The primary outcome for the trial is OUD treatment entry by 1 month post-enrollment, defined as admission to a buprenorphine provider (either office-based care or a specialty OUD program), or other licensed OUD treatment program (e.g., methadone, medical detox followed by behavioral treatment).

Treatment retention will be examined as a secondary outcome and will be determined by self-report, with confirmation of admission/discharge dates through provider records if available.

Opioid use disorder diagnostic criteria will be assessed using items from the OUD criteria checklist derived from the modified World Mental Health-Composite International Diagnostic Interview (WMH-CIDI) items that map to the diagnostic criteria. The time frame of the criteria will be modified to past 30 days to capture acute changes.

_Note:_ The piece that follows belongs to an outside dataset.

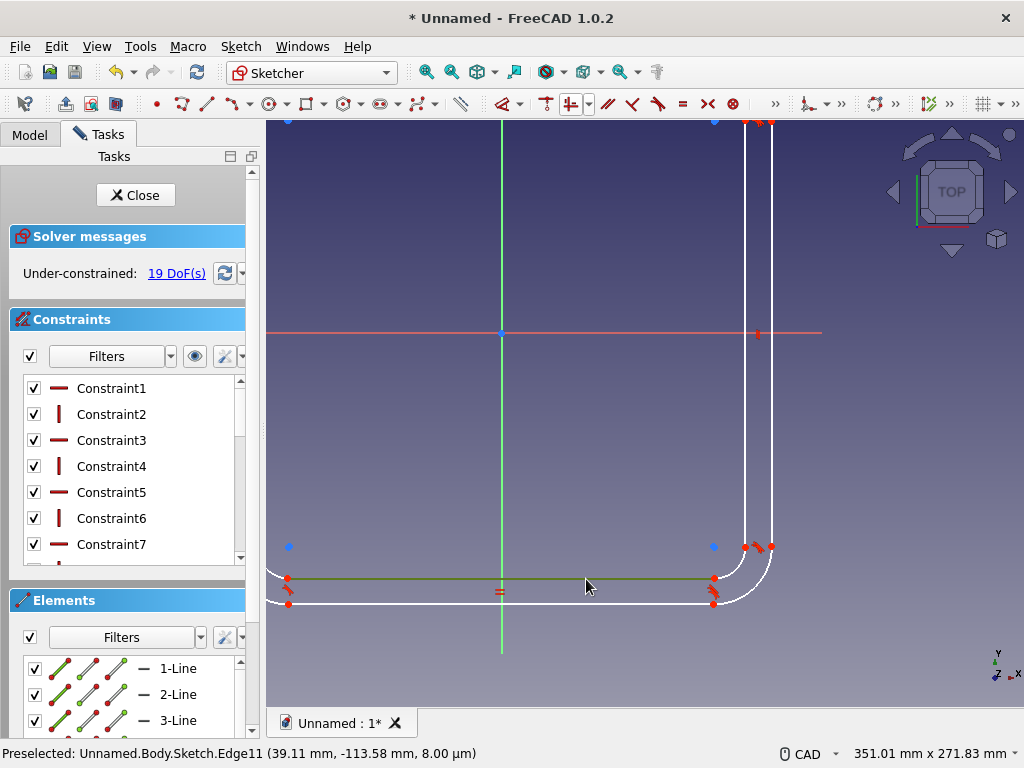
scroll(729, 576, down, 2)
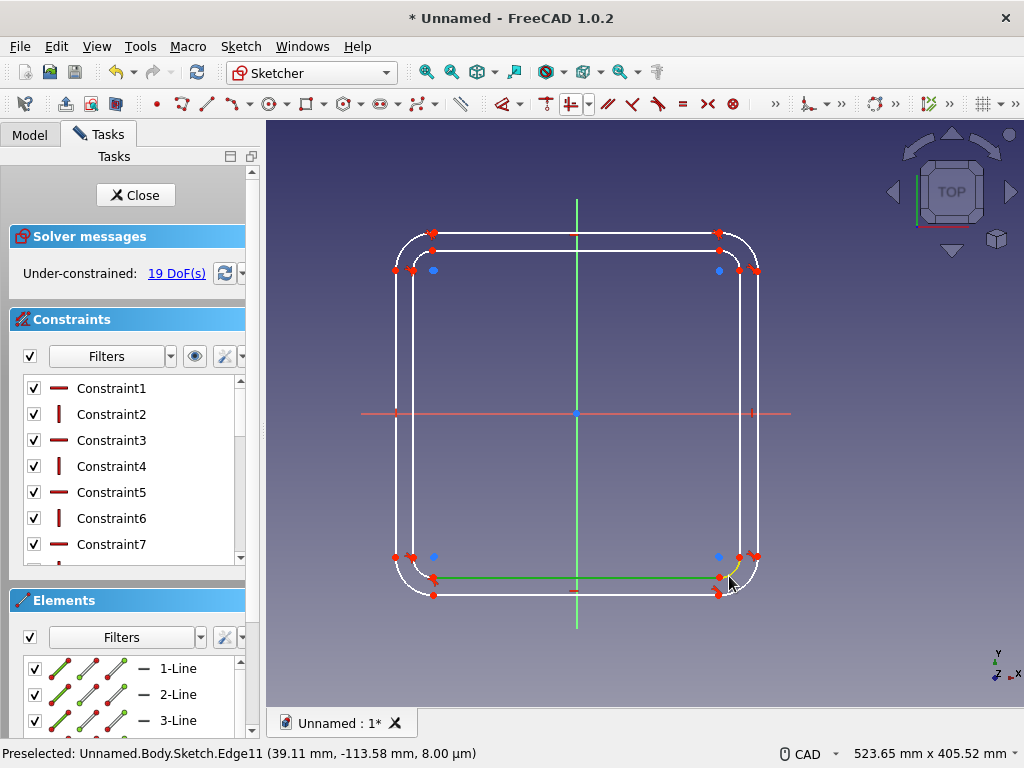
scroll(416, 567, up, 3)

Participants will be asked at follow-up about non-fatal opioid overdose experiences. We will obtain medical examiner reports to confirm fatal overdoses.

New diagnoses of HIV and sexually transmitted infections will be determined via self-report and health department records.

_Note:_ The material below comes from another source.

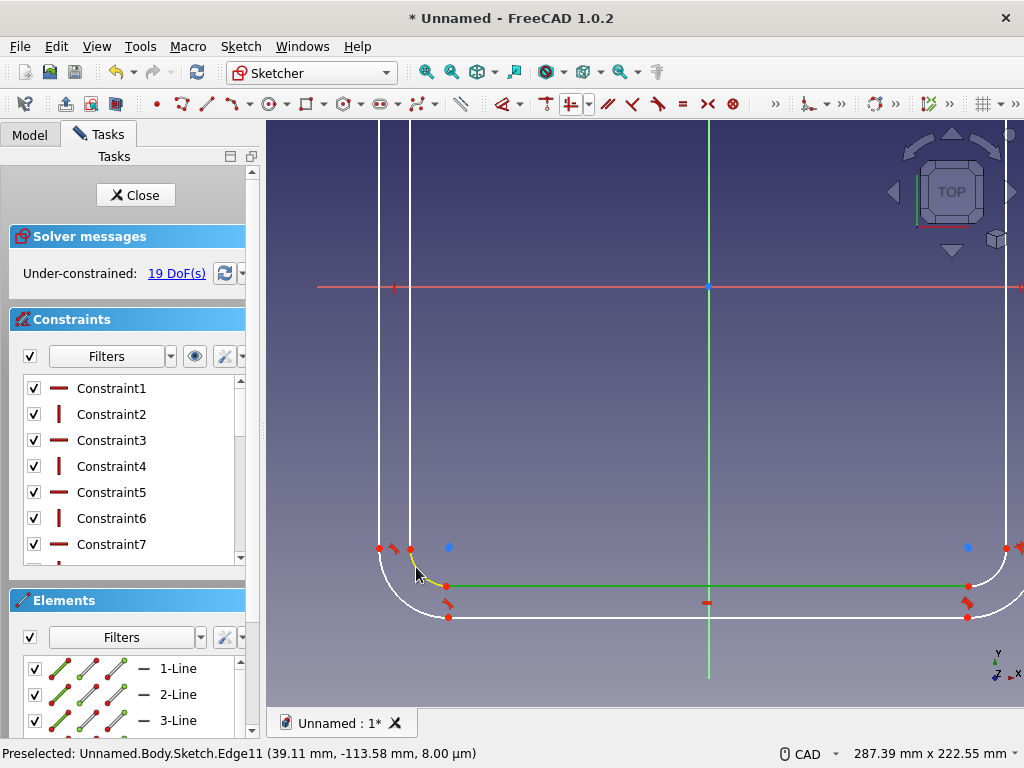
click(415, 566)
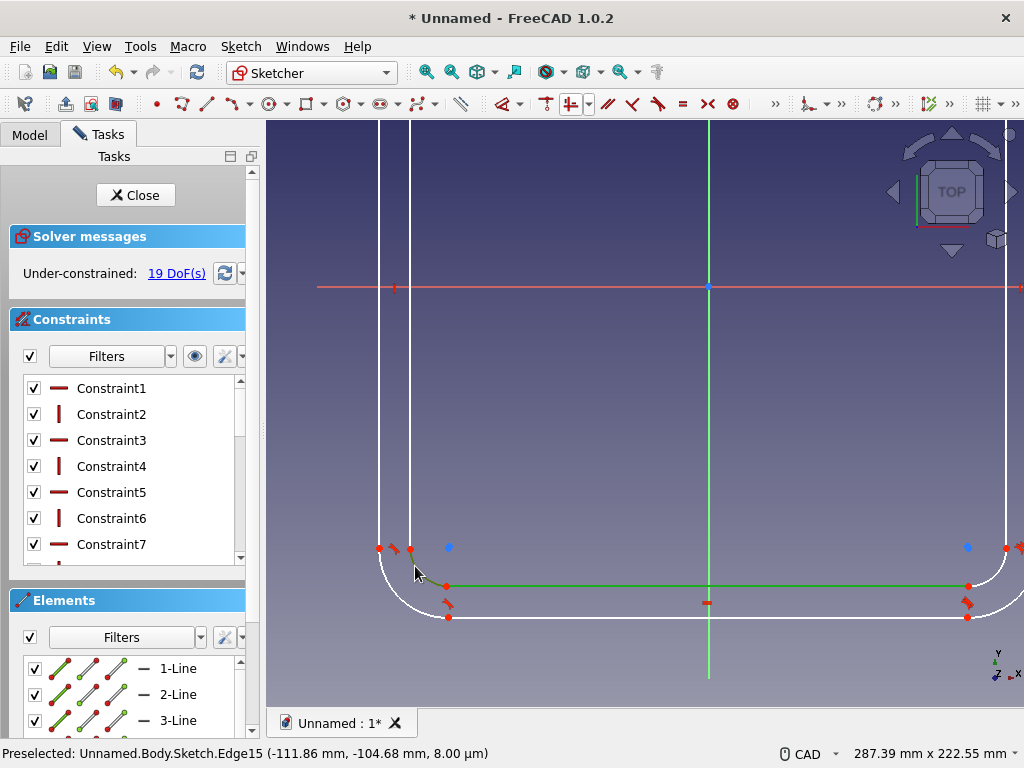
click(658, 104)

Participants will be asked at follow-up whether they took as directed their specific HIV/STI medications, including (if applicable) any extended antibiotics for bacterial STDs, antiretroviral therapy for HIV+ participants, and PrEP to safeguard against acquiring HIV.

Risky sex behaviors will be gauged by self-report, and include past 90 day frequency of unprotected sex and number of sex partners.

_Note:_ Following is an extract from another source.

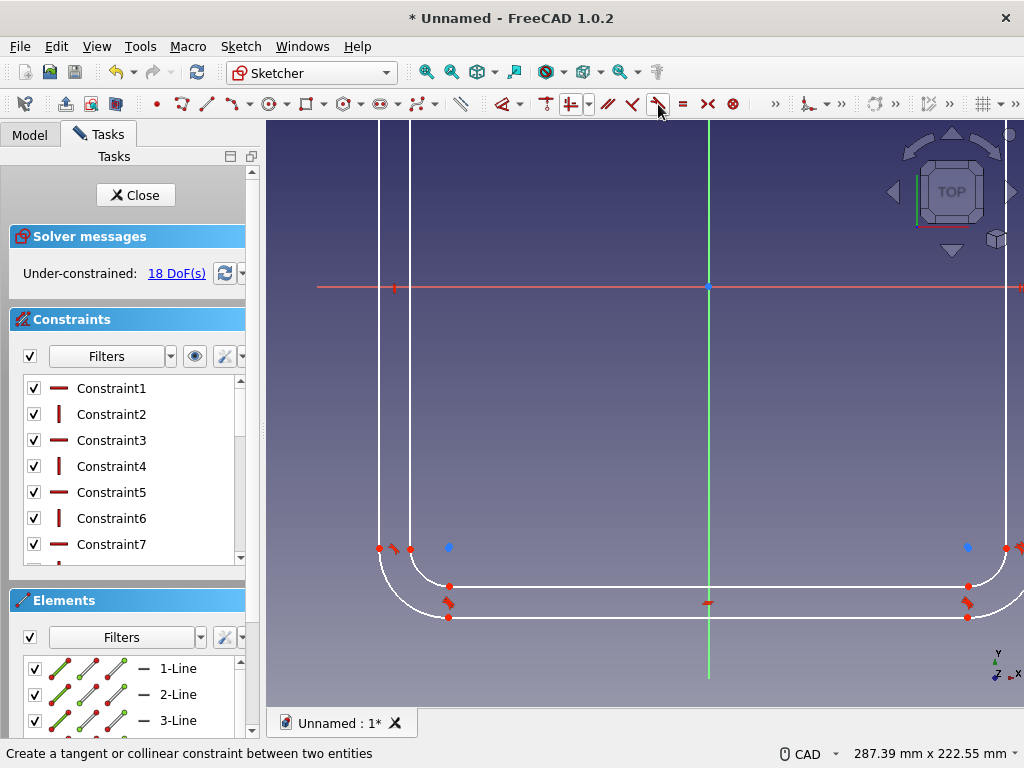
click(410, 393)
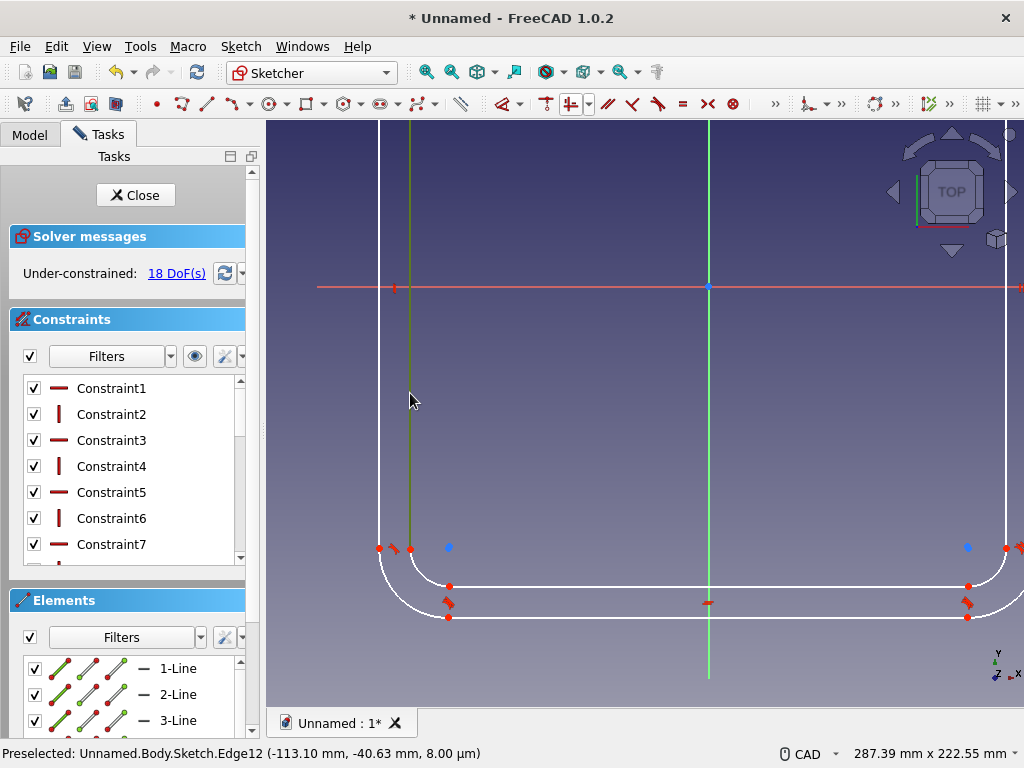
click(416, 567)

Inclusion Criteria: Age 18 or older Opioid use in the past 30 days DSM-5 diagnostic criteria for OUD with physiological dependence Willing to try buprenorphine treatment. Exclusion Criteria: current enrollment in OUD treatment with buprenorphine, methadone, or extended-release naltrexone clinical contraindication with buprenorphine (e.g., allergy to buprenorphine or naloxone, chronic pain management with opioid agonists) regular use of illicit long-acting opioid agonists (e.g., methadone; due to potential challenges with dose induction) heavy alcohol use that, in the judgement of the prescribing provider, raises a safety concern that precludes eligibility for buprenorphine induction high dose or intravenous benzodiazepine misuse pregnancy (due to special needs; will be treated outside of the study) unstable medical or psychiatric illness (e.g., psychosis or active suicidal ideation) inability to provide informed consent (e.g., failure to pass consent quiz)

We will share de-identified IPD and supporting documentation pending approval of an application and data use agreement with Friends Research Institute

Access to de-identified data may be requested after publication of the primary and secondary outcome findings (approximately one year after study completion).

Application to Friends Research Institute. Approval of the application and secondary analysis protocol by Friends Research Institute. Execution of a data use agreement between the requesting party and Friends Research Institute. IRB-approval of the proposed secondary research protocol.